### Exercise goal
Produce an exact copy of the lines from the line containing "[0:11.5-0:14.5]" through the last line of the entries below, and only those lines.

### Given information

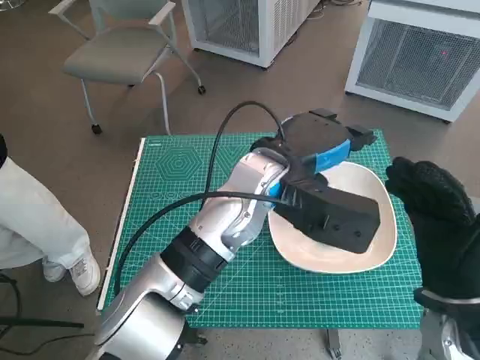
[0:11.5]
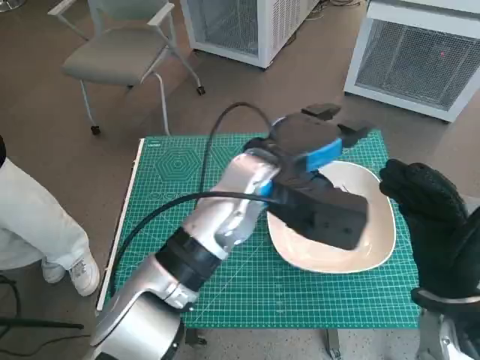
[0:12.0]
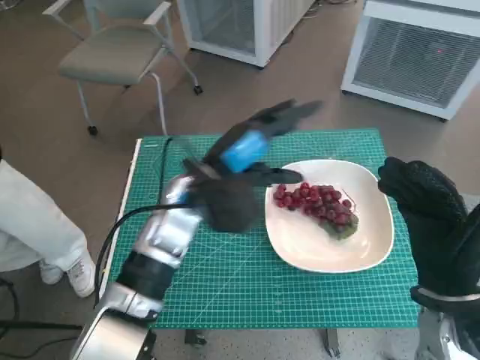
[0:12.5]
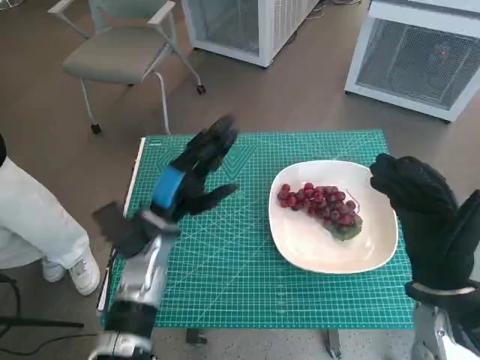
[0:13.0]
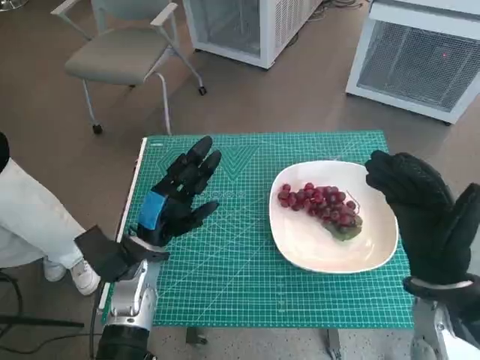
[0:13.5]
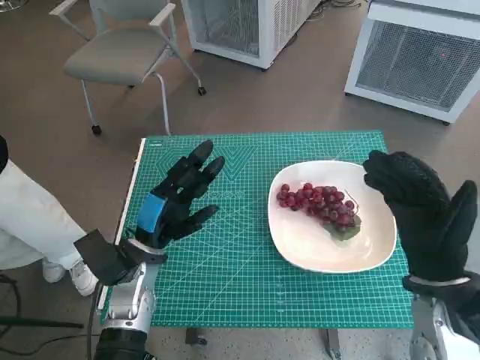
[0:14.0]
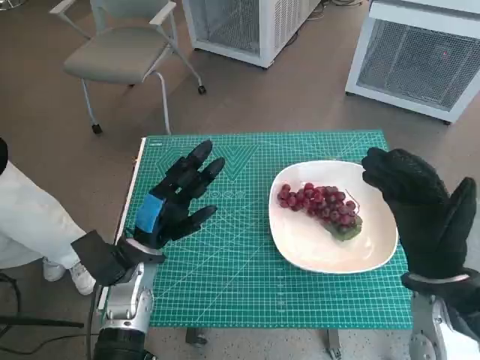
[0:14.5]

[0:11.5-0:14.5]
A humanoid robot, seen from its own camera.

### Output of the exercise
[0:11.5-0:14.5]
A humanoid robot, seen from its own camera.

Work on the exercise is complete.